Data for this exercise —
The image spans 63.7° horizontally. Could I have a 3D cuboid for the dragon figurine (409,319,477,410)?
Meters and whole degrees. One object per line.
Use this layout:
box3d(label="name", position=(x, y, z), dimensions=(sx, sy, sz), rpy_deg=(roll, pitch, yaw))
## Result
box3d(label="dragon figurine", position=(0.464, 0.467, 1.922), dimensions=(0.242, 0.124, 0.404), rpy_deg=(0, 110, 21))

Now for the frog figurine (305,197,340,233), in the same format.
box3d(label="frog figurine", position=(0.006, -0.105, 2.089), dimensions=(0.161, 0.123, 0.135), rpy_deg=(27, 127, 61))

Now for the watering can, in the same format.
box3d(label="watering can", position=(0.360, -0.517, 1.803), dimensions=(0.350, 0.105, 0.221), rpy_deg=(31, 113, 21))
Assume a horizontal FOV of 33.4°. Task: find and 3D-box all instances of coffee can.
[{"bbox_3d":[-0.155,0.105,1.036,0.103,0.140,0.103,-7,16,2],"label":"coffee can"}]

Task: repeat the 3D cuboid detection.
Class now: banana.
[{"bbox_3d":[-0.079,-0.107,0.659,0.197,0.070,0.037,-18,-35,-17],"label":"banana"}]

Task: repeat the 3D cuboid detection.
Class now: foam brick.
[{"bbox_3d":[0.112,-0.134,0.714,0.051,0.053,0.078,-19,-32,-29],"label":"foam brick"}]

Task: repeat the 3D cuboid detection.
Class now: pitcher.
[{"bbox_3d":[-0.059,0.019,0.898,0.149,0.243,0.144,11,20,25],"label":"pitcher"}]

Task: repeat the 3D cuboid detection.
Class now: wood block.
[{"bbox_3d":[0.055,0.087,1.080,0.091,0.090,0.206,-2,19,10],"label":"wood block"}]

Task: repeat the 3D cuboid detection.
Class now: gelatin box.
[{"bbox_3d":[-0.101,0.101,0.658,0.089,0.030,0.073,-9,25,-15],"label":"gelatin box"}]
--
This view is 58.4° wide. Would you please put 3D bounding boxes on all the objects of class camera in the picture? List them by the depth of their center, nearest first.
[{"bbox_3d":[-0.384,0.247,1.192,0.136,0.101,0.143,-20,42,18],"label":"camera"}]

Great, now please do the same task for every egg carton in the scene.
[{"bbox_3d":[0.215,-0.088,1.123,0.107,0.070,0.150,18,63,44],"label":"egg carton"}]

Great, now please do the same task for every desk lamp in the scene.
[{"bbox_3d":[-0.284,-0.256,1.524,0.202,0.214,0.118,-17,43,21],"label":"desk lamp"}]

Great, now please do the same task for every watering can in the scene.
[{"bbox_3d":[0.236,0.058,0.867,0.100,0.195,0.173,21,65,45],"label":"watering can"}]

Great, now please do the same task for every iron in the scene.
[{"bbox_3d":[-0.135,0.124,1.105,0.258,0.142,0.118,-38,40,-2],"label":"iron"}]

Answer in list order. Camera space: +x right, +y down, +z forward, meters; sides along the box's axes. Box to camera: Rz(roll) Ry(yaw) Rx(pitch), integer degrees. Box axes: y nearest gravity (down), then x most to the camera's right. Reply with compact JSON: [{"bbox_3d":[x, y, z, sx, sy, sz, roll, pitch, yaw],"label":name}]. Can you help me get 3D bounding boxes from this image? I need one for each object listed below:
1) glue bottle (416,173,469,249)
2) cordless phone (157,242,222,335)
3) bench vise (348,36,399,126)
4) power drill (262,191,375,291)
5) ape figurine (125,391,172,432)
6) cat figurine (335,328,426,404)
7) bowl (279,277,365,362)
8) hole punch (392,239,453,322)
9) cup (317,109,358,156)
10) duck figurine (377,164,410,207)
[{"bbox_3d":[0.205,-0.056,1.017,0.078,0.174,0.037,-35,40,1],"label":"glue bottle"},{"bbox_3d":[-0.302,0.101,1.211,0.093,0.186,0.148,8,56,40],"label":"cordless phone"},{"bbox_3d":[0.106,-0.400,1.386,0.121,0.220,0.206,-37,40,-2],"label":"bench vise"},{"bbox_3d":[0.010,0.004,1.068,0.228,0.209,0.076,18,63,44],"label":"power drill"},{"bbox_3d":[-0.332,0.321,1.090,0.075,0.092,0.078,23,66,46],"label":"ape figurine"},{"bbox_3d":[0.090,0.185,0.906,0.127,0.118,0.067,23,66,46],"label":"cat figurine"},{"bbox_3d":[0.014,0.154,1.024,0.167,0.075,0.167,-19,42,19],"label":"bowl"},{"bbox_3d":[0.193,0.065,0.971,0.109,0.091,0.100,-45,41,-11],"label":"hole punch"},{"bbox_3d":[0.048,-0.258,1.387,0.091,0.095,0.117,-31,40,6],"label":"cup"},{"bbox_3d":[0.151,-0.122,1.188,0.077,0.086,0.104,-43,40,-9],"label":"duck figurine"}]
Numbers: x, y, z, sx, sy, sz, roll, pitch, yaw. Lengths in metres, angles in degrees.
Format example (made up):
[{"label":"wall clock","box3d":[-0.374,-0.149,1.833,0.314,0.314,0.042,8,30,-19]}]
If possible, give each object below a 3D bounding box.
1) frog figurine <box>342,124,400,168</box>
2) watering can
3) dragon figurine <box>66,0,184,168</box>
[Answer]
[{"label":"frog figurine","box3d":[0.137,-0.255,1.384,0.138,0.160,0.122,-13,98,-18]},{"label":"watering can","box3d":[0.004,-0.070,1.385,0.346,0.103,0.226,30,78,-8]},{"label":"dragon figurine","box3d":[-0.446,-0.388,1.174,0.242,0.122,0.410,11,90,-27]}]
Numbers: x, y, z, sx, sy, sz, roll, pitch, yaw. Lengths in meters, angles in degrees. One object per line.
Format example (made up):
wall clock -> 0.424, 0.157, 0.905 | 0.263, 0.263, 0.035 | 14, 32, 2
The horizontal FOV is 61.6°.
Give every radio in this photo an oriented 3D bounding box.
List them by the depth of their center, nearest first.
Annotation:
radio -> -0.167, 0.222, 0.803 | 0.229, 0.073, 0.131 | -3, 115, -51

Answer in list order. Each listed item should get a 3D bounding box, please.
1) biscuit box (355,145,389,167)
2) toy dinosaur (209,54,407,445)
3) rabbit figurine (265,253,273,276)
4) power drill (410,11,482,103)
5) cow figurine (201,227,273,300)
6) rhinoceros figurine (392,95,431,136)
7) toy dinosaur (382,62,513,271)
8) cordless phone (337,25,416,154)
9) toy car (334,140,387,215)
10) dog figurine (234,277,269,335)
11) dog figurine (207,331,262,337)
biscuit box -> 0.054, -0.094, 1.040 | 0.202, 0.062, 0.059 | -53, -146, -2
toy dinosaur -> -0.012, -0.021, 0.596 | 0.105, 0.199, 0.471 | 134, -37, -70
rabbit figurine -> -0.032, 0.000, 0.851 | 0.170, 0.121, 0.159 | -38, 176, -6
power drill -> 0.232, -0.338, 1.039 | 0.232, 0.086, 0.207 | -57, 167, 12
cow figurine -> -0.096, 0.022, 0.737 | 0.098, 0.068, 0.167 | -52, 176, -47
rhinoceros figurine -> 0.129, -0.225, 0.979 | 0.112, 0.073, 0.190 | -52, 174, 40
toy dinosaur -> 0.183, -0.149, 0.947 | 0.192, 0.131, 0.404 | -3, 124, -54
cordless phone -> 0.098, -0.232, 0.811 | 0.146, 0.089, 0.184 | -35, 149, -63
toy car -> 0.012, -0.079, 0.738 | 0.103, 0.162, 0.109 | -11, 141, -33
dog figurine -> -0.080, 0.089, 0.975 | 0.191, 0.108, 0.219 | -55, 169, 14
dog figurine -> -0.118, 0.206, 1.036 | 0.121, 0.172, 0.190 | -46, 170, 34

Work item —
Could you reproduce exactly the lines of the entries above, from the one with "2) toy dinosaur (209,54,407,445)" through the one with "10) dog figurine (234,277,269,335)", and nothing else?

Expected answer —
2) toy dinosaur (209,54,407,445)
3) rabbit figurine (265,253,273,276)
4) power drill (410,11,482,103)
5) cow figurine (201,227,273,300)
6) rhinoceros figurine (392,95,431,136)
7) toy dinosaur (382,62,513,271)
8) cordless phone (337,25,416,154)
9) toy car (334,140,387,215)
10) dog figurine (234,277,269,335)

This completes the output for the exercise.